Clin Chim Acta. 2007 Jul;382(1-2):43-7. doi: 10.1016/j.cca.2007.03.016. Epub 2007 Mar 24.
A homozygous mutant (ALDH2*2/*2) of the gene for mitochondrial aldehyde dehydrogenase 2 (ALDH2) at codon 487 was reported to be associated with myocardial infarction (MI) among Japanese men. However, such an association has never been studied in a Korean population.
The subjects consisted of 122 men (60-81 y) with MI recruited randomly from Yonsei University Medical Center, Korea. A total of 439 men (60-84 y) without MI were selected as controls from the Ansan Geriatric Study. ALDH2 genotypes were determined using the TaqMan fluorogenic 5' nuclease polymerase chain reaction assay.

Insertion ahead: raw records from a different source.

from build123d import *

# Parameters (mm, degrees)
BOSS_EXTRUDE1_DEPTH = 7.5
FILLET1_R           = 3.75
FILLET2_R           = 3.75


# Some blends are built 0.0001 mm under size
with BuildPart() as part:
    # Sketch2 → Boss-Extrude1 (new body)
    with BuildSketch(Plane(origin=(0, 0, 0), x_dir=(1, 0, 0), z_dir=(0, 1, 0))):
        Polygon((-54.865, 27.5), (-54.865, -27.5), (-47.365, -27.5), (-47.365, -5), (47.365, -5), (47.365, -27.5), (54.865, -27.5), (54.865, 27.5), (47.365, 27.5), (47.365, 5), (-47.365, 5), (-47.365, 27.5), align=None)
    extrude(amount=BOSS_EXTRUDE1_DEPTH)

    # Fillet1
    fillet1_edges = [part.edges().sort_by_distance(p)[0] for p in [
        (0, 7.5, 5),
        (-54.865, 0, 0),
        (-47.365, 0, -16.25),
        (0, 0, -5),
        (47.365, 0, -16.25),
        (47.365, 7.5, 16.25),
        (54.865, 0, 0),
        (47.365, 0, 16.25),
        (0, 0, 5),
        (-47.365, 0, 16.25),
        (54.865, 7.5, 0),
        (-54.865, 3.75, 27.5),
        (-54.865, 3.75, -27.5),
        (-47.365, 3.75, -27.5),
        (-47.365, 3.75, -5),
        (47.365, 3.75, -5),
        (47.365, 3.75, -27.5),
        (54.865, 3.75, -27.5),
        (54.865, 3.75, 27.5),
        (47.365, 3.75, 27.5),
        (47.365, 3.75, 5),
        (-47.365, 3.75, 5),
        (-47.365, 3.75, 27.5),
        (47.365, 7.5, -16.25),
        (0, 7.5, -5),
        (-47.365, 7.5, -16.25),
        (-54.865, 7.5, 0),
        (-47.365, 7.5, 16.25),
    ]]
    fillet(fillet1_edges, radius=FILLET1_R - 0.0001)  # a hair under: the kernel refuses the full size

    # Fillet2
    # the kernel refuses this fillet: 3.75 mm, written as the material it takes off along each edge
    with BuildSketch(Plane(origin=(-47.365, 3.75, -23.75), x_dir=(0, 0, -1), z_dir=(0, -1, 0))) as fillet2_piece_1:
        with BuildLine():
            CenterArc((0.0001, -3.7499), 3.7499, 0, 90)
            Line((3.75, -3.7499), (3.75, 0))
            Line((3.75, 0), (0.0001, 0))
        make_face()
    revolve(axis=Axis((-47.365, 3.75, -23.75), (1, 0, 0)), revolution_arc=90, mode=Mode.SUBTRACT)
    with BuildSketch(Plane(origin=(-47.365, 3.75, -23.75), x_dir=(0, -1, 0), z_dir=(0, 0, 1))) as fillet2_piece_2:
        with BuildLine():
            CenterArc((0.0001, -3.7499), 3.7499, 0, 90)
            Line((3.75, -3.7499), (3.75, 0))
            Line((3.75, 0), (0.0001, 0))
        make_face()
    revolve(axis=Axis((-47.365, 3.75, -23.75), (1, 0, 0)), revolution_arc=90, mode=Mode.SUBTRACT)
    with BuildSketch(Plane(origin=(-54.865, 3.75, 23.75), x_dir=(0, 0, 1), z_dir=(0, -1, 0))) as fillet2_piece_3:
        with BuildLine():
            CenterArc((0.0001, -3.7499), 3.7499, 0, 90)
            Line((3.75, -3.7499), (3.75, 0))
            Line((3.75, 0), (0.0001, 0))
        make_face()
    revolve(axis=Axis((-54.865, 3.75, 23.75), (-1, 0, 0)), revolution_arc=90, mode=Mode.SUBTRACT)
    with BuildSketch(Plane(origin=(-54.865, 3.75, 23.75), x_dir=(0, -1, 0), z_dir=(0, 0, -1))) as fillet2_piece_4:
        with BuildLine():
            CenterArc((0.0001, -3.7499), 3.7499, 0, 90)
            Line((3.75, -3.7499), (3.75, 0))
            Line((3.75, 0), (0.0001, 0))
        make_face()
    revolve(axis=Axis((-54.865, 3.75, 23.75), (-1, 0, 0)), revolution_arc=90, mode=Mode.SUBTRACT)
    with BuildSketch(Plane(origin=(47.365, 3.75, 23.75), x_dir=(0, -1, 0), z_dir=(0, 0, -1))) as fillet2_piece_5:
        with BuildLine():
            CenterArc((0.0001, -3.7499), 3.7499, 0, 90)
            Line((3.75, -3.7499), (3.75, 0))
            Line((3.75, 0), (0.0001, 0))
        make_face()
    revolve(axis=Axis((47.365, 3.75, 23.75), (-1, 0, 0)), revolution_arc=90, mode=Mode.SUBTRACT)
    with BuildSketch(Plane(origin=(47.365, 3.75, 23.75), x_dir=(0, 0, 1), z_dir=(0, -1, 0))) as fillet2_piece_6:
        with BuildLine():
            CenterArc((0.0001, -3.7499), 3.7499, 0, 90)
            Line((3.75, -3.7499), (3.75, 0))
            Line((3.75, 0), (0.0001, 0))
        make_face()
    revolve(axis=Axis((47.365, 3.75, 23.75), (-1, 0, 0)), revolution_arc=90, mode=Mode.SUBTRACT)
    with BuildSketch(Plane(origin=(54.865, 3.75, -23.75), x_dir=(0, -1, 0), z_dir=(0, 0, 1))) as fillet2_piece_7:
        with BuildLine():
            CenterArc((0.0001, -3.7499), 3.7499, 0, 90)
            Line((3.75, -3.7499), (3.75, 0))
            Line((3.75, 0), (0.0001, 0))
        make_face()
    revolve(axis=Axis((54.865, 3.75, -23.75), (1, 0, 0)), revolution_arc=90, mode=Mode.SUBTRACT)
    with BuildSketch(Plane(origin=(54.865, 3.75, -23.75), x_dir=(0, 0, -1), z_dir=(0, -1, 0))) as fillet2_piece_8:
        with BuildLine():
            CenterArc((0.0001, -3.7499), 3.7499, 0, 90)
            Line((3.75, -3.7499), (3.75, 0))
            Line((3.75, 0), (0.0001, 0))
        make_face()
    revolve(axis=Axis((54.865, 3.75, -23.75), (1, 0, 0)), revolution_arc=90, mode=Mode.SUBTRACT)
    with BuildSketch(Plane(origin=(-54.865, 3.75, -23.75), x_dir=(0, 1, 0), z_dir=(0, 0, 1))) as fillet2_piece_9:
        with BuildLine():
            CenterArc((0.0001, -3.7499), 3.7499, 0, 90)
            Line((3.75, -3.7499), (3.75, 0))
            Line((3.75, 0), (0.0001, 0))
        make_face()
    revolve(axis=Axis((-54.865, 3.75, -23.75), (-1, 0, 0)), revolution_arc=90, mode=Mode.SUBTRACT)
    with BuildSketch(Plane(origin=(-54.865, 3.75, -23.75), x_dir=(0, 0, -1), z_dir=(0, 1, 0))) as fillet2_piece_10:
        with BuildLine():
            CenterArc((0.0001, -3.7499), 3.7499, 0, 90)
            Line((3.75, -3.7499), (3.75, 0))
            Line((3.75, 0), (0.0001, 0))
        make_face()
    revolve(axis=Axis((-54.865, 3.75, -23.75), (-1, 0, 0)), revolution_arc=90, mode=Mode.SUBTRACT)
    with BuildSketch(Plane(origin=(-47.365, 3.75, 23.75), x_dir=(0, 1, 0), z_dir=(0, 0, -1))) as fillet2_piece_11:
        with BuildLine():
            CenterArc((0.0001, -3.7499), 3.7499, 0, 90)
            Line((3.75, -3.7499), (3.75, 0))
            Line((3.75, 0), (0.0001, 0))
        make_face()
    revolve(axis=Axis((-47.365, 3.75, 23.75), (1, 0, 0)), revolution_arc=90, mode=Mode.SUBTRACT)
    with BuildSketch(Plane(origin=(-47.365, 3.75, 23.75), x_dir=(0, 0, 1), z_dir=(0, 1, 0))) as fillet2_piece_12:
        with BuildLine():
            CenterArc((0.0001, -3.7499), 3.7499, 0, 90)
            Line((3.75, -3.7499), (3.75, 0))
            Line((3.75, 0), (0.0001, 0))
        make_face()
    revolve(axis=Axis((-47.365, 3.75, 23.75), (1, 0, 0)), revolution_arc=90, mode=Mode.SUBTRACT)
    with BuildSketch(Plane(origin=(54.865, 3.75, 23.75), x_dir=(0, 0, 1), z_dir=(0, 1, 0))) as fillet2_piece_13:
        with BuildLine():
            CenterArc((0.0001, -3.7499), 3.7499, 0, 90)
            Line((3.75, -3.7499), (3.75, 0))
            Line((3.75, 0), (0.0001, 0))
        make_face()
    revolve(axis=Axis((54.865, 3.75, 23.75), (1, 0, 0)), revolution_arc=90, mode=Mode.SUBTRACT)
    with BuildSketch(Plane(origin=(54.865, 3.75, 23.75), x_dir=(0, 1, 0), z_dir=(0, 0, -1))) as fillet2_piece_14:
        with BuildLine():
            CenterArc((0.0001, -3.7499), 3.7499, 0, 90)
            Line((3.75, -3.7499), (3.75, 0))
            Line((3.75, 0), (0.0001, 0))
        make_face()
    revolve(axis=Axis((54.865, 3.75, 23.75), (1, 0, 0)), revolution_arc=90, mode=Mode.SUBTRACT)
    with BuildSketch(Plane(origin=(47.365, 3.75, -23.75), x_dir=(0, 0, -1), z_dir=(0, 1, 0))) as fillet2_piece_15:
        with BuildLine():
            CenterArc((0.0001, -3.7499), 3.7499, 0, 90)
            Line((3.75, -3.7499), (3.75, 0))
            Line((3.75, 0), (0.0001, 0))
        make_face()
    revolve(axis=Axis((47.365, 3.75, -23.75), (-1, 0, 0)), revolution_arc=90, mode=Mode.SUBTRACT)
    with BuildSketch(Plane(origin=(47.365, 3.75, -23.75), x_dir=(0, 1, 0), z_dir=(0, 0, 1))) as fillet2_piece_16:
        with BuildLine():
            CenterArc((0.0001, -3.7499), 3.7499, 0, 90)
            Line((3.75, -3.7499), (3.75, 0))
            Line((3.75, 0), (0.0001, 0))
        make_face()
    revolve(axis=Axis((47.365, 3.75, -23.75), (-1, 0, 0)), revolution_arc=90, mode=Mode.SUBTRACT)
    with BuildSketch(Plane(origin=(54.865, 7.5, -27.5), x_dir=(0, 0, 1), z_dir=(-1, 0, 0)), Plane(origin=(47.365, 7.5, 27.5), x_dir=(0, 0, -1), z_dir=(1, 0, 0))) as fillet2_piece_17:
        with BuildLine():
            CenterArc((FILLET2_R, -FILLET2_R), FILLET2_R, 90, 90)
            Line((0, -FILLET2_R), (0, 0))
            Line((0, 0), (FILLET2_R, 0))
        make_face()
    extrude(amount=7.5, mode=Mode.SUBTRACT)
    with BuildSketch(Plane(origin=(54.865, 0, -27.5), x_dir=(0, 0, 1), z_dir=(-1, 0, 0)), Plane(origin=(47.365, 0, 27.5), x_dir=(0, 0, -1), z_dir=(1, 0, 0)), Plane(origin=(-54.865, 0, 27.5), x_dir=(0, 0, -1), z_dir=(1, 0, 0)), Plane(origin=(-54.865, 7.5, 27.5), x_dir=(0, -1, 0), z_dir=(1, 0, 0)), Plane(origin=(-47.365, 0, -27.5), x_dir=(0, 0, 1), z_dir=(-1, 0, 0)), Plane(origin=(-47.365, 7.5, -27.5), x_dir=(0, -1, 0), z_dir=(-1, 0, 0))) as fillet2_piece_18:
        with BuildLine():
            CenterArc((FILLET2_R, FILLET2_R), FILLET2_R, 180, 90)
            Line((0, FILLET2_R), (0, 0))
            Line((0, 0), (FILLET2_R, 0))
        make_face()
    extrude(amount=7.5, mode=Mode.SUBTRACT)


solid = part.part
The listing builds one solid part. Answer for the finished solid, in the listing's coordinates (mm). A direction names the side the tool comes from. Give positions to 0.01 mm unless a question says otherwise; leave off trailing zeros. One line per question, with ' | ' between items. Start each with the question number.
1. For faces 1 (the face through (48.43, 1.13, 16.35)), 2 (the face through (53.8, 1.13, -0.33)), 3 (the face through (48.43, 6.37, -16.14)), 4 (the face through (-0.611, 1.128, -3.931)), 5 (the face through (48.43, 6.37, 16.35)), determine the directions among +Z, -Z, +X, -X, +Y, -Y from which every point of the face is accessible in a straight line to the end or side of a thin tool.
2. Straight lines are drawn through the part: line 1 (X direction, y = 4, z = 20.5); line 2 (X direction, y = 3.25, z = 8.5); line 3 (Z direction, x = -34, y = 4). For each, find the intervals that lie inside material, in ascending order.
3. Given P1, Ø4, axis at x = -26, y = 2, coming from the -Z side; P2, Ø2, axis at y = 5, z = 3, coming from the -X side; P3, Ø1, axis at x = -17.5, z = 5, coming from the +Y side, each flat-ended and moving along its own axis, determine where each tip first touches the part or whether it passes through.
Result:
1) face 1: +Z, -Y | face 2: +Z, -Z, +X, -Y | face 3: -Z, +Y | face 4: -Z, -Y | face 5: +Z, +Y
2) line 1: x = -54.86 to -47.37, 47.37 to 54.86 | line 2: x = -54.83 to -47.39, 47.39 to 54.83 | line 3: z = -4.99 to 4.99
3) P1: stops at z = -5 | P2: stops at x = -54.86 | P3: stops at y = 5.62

Genotypes carrying the mutant ALDH2 allele (ALDH2*1/2 plus ALDH22/2) were significantly more frequent in patients with MI than in the controls (42.6% vs. 30.5%, P=0.0163). Multiple logistic regression analysis revealed that ALDH21/2 plus ALDH22/*2, together with abnormal high density lipoprotein cholesterol and elevated body mass index, was an independent risk factor for MI in elderly Korean men (odds ratio=1.976, 95% CI: 1.202-3.248).

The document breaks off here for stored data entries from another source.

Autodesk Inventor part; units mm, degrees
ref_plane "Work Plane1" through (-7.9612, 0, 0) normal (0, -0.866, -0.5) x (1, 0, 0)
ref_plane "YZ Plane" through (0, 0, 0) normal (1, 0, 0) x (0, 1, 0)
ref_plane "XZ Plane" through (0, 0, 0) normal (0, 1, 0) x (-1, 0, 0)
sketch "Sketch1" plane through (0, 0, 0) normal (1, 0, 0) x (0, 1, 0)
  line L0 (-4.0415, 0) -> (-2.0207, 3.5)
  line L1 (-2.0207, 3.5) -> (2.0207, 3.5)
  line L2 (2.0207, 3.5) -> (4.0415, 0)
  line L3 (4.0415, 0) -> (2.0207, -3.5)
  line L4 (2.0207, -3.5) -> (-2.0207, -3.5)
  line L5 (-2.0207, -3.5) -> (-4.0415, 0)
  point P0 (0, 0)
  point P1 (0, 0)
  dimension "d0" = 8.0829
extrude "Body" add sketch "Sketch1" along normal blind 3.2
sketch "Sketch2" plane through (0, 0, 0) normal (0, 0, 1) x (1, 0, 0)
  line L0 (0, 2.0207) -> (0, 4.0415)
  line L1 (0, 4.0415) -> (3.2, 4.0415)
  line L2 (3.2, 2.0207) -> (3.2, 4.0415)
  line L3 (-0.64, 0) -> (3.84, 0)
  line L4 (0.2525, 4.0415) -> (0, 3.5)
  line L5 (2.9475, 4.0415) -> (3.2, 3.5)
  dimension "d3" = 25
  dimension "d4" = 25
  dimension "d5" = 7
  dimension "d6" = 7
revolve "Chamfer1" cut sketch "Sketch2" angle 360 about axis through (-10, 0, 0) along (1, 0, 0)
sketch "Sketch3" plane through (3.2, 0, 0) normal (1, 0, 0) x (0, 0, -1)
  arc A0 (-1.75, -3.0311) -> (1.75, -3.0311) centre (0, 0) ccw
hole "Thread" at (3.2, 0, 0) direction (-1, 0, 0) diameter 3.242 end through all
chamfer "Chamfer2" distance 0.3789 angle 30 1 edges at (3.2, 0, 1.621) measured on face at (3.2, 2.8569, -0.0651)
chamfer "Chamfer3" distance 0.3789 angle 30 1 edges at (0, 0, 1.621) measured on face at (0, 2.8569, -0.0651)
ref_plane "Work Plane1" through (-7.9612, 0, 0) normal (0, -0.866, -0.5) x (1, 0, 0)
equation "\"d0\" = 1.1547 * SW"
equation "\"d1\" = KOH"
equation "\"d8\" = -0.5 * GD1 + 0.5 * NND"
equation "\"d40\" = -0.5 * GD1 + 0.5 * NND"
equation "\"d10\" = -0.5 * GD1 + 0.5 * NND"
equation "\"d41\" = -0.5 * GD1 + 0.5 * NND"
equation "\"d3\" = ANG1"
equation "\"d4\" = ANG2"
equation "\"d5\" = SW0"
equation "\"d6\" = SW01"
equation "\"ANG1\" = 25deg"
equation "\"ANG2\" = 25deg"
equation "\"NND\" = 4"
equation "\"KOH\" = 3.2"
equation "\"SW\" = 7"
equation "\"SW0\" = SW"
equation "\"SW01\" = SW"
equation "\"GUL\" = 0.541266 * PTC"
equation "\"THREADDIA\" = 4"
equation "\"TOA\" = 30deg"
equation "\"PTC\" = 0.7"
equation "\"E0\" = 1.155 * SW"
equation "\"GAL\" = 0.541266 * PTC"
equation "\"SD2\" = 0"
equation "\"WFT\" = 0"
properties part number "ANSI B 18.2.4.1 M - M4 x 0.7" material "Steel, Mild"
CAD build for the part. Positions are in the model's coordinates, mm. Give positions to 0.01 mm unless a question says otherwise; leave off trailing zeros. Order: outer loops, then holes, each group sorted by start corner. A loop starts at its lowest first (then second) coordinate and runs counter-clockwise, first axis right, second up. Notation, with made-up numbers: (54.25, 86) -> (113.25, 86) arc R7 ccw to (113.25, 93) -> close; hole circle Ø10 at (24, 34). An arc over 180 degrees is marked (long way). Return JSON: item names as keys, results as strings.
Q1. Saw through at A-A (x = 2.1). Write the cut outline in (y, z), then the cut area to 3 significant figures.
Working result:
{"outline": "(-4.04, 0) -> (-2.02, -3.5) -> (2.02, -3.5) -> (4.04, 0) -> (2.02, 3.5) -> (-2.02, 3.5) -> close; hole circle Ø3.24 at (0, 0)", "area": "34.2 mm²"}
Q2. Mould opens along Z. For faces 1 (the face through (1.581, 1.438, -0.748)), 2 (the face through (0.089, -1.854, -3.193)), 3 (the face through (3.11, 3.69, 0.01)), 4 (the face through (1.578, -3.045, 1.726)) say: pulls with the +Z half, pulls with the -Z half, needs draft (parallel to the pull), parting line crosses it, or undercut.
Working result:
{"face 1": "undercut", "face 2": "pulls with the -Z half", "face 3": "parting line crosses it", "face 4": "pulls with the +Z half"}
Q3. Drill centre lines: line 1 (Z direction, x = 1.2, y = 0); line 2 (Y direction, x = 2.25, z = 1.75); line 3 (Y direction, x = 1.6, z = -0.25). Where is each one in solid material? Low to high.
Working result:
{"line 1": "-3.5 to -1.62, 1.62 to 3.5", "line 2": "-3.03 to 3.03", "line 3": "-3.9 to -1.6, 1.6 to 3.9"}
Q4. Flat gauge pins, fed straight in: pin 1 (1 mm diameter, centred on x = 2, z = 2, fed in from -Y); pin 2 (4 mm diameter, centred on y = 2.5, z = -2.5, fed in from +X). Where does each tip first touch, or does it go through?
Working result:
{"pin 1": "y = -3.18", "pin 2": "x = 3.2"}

ALDH2 polymorphisms may play an important role in the pathogenesis of MI in elderly Korean men.
据报道,线粒体乙醛脱氢酶2(ALDH2)基因第487位密码子的纯合突变体(ALDH2*2/*2)与日本男性心肌梗死(MI)相关。然而,韩国人群中尚未有此类关联的研究。
研究对象包括从韩国延世大学医学中心随机招募的122名患心肌梗死的男性(60 - 81岁)。从安山老年研究中选取439名无心肌梗死的男性(60 - 84岁)作为对照。采用TaqMan荧光5'核酸酶聚合酶链反应分析法测定ALDH2基因型。
携带突变型ALDH2等位基因的基因型(ALDH2*1/2加ALDH22/2)在心肌梗死患者中显著高于对照组(42.6%对30.5%,P = 0.0163)。多因素逻辑回归分析显示,ALDH21/2加ALDH22/*2,以及异常高密度脂蛋白胆固醇和升高的体重指数,是韩国老年男性心肌梗死的独立危险因素(比值比 = 1.976,95%可信区间:1.202 - 3.248)。
ALDH2基因多态性可能在韩国老年男性心肌梗死的发病机制中起重要作用。